You can access `NaN` in four different ways.

``````NaN;
this.NaN;
globalThis.NaN;
Number.NaN
``````

Avoid comparisons with `NaN`

``````NaN > 0; // false
NaN >= 0; // false
NaN < 0; // false
``````

### Let's look at an example

Let's say we have a function that takes one argument and increments it by `10` . We want to accept both numbers and strings representing a number so we will use `parseFloat`

``````const incrementByTen = function(val) {
const n = parseFloat(val, 10);
return n + 10;
};

incrementByTen(0); // 10 ✅
incrementByTen('2.3'); // 12.3 ✅

/*
result of parseFloat will be NaN in examples below
hence the addition operations will also return NaN
*/
incrementByTen(NaN); // NaN ❌
incrementByTen(false); // NaN ❌
incrementByTen({}); // NaN ❌
incrementByTen([]); // NaN ❌
incrementByTen('a'); // NaN ❌
incrementByTen(true); // NaN ❌
incrementByTen(['a', 1]); // NaN ❌
``````

We just learned there are plenty of arguments which would result in `NaN`. Perhaps a better way to handle this is to throw an error for those cases. However, as we learned earlier the usual comparisons will not work for `NaN` as we can see below. For this reason, we will use the global function `isNaN`.

``````typeof NaN === NaN; // false
NaN === NaN; // false
``````

## what is `isNaN` and how it works?

`isNaN` is a global function, takes a single argument and returns a boolean indicating whether or not the argument passed is `NaN`. MDN explains `isNaN` as such:

The function [ `isNaN` ] should be interpreted as answering the question, "is this value, when coerced to a numeric value, an IEEE-754 'Not A Number' value?"
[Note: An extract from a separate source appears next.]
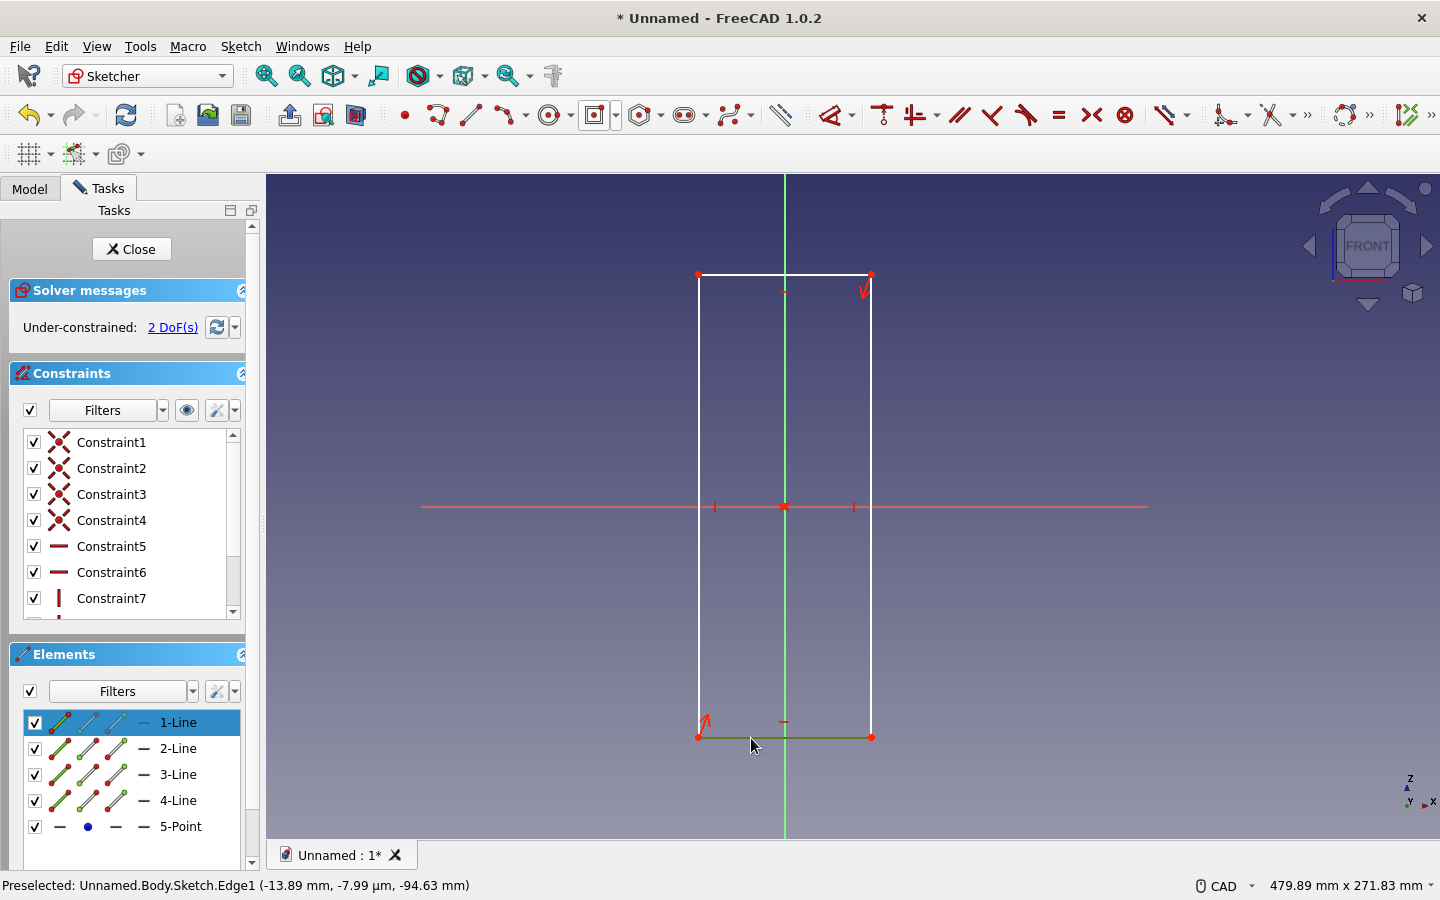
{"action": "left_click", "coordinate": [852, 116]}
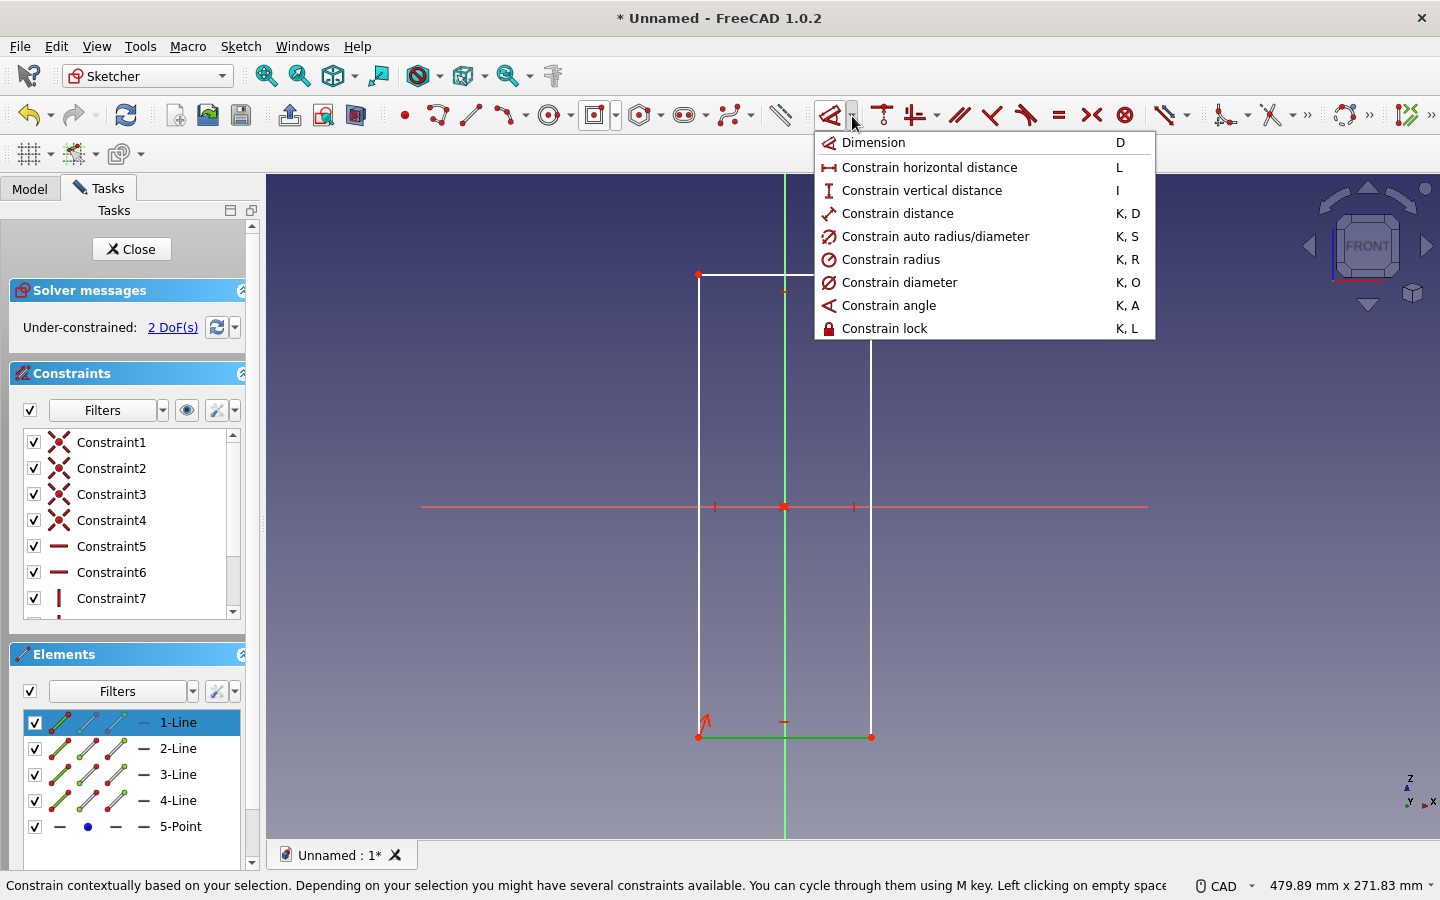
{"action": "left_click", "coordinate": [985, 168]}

We now write our function with `isNaN` to throw an error when the result of the `parseFloat` is `NaN`.

``````const incrementByTen = function(val) {
const n = parseFloat(val, 10);
if (isNaN(n)) {
throw new Error('Resulted in NaN!');
}
return n + 10;
};

incrementByTen(0); // 10 ✅
incrementByTen('2.3'); // 12.3 ✅
incrementByTen(NaN); // Error: Resulted in NaN! ✅
incrementByTen(false); // Error: Resulted in NaN! ✅
incrementByTen({}); // Error: Resulted in NaN! ✅
incrementByTen([]); // Error: Resulted in NaN! ✅
incrementByTen('a'); // Error: Resulted in NaN! ✅
incrementByTen(true); // Error: Resulted in NaN! ✅
incrementByTen(['a', 1]); // Error: Resulted in NaN! ✅
``````

Great, our function works as expected. Now let's learn a bit more about `isNaN`. Best way to understand how `isNaN` works is to create our own [basic version] polyfill for it. Polyfill is not required to use `isNaN`, It is super old...IE 3 old! 👴🏽

``````const isNaN = function(value) {
// coercing it into a numeric value. BEWARE OF THIS LINE
const n = Number(value);
// now checking to see if it does not equal itself
// only NaN does not equal itself 🤯
return n !== n;
};
``````

When working with `isNaN` you need to beware of the coercion of the value to a numeric-value. Remember some values cannot be coerced to a numeric-value and will result in `NaN` so even though your argument to `isNaN` might not have been `NaN` it could become one.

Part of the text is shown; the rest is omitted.